И всё же уезжать с насиженного места в центре города никто добровольно не желал. Мужики ходили озабоченные, хмурые и злые. Хозяйки всех пяти домов рыдали, содрогаясь от страха грядущей неизвестности и от множества вопросов и проблем, которые предстояло решить. Взять хотя бы самый малый из них: где мне и Валерке учиться. Ведь шла первая четверть нового учебного года. Наш переезд как семьи с двумя школьниками закладывался по плану на лето, но, как обычно, – гладко было на бумаге, да забыли про овраги. Семейный совет решил, чтобы мы доучивались в старой школе. В том самом угловом и ставшем родным особняке.
В довершении всех проблем 24-летнему Славке приспичило срочно жениться. Славка нашёл невесту. Старую знакомую. Девушку-москвичку, что жила девчонкой в эвакуации в годы войны у бабушки на Гребешке. К тому времени Светка закончила финансовый институт в Москве и могла запросто «потеряться» в огромной столице, несмотря на детскую привязанность и подростковую любовь, скреплённую тяжёлыми днями войны. Скреплённую не только трудом (сажали и собирали картошку), но и проказами. Борька Савельев, одноклассник Славки, с детства замечательно рисовал. Голод толкнул его на одно неблаговидное дело. Он, найдя подходящий по размерам и качеству листок бумаги, нарисовал на одной стороне его все данные десятирублёвой ассигнации. Сложил её пополам, и они втроём – Славка, Светка и Борька – пошли на «блошиный» рынок, стихийно возникший возле церкви Вознесения на Ильинской улице. Там в ряд сидели «молошницы» – «тёмные», доверчивые бабки, продававшие коровье и козье молоко. Светку пацаны назначили покупательницей, вручив ей разрисованную бумажку и пустой бидончик. Она смело подошла и попросила продать молока, показав денежку в подтверждении своей платёжеспособности. Старуха молча налила молока, взяла «денежку» и отсчитала сдачу. Самым трудным в этой проделке было удержаться от смеха и уйти не спеша, с вальяжным достоинством. Зато, когда рынок скрылся из глаз, вся троица бросилась бежать, не чуя под собой ног.

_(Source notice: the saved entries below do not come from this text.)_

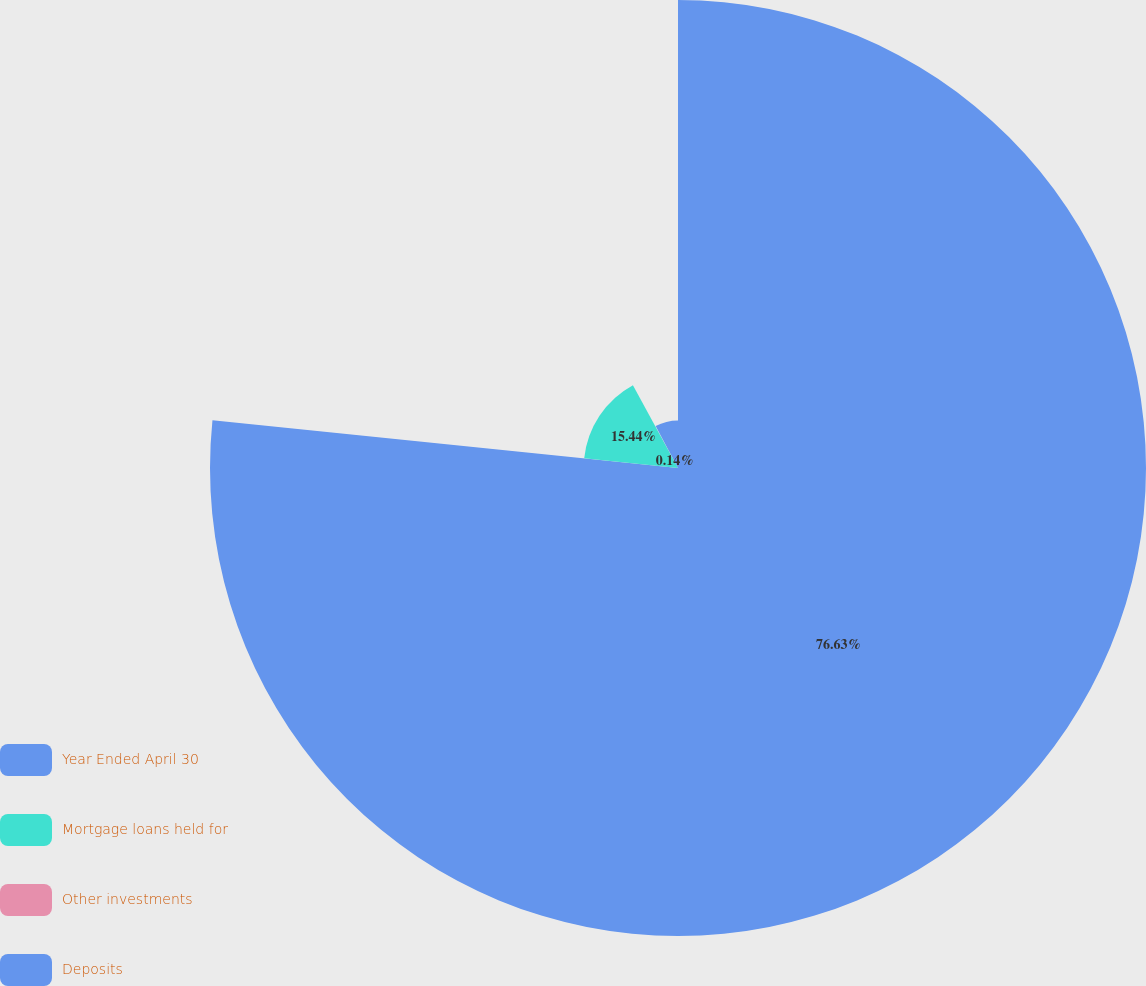Convert chart. <chart><loc_0><loc_0><loc_500><loc_500><pie_chart><fcel>Year Ended April 30<fcel>Mortgage loans held for<fcel>Other investments<fcel>Deposits<nl><fcel>76.63%<fcel>15.44%<fcel>0.14%<fcel>7.79%<nl></chart> 
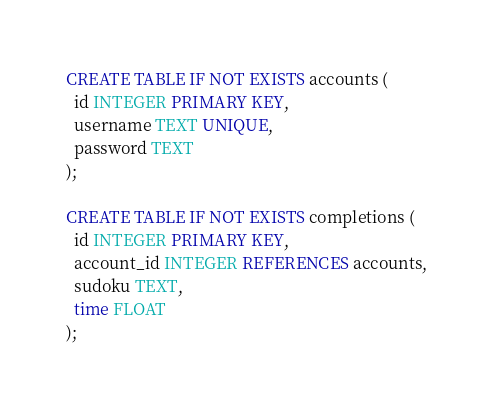<code> <loc_0><loc_0><loc_500><loc_500><_SQL_>CREATE TABLE IF NOT EXISTS accounts (
  id INTEGER PRIMARY KEY,
  username TEXT UNIQUE,
  password TEXT
);

CREATE TABLE IF NOT EXISTS completions (
  id INTEGER PRIMARY KEY,
  account_id INTEGER REFERENCES accounts,
  sudoku TEXT,
  time FLOAT
);</code>

Первая любовь… Что-то магическое и мистическое сокрыто в этом чувстве, особенно для мальчишек. Ведь врождённая любовь к матери есть одновременно и первая любовь к женщине, и потому неверны упрёки к сынам, отмечающим особое влияние мамы на своё развитие и становление. Такие сыны – вовсе не маменькины сыночки, изнеженные и избалованные чрезмерной материнской любовью, умеющие только потреблять, а не производить.
Мама часто повторяла, что Славка родился «в сорочке». Это не идиома, а на самом деле он вышел из материнской утробы в околоплодном пузыре и чуть не задохнулся от недостатка кислорода. С первых секунд жизни ему крупно повезло. Так и в случае женитьбы. Переселение, последние дни на Гребешке, родном и любимом, отъезд с Курил, где он отслужил положенный срок, новое назначение. Всё зыбко, смутно и требует ясности хоть в чём-то. Пока родителей не перевезли с Гребешка, надо устроить свадьбу в старом доме. Пусть это родное пристанище вздрогнет от капель шампанского на гнилых своих брёвнах, от песен, плясок, пьяных криков «горько» и хмельных споров. Не играть же свадьбу в тесной московской квартире, куда никак не добраться небогатым родичам, многочисленным дядьям и тёткам, двоюродным братьям и сёстрам числом не менее пятидесяти.
И теперь уже не проводить и встретить, а напутствовать молодожёнов на долгий совместный путь должен старый, умирающий дом.
В пять пополудни первого сентября я вернулся из школы после второй смены. Меня встретил лишь незлобивый, чёрно-белой дворовой масти пёс Дружок, ласково виляющий, как обычно, пушистым хвостом. Он удивительным образом чувствовал за сотню метров приход любого из нашей семьи и, не ленясь, выбегал встречать. Просил ласки. Я потрепал его безвольно висячие уши, погладил голову. Дружок повизгивал от удовольствия.
Свадьба весело пела и пьяно плясала в этот субботний тёплый солнечный день. Дом дрожал от десятка гулко топающих ног, а родители со счастливыми лицами носились с бутылками, подливая вино и водку гостям. Мебели в комнатах, кроме столов и стульев, не было, её вытащили в сарай. Всё одно к одному: свадьба, пляска под аккордеон, переезд. Гуляй, честной народ.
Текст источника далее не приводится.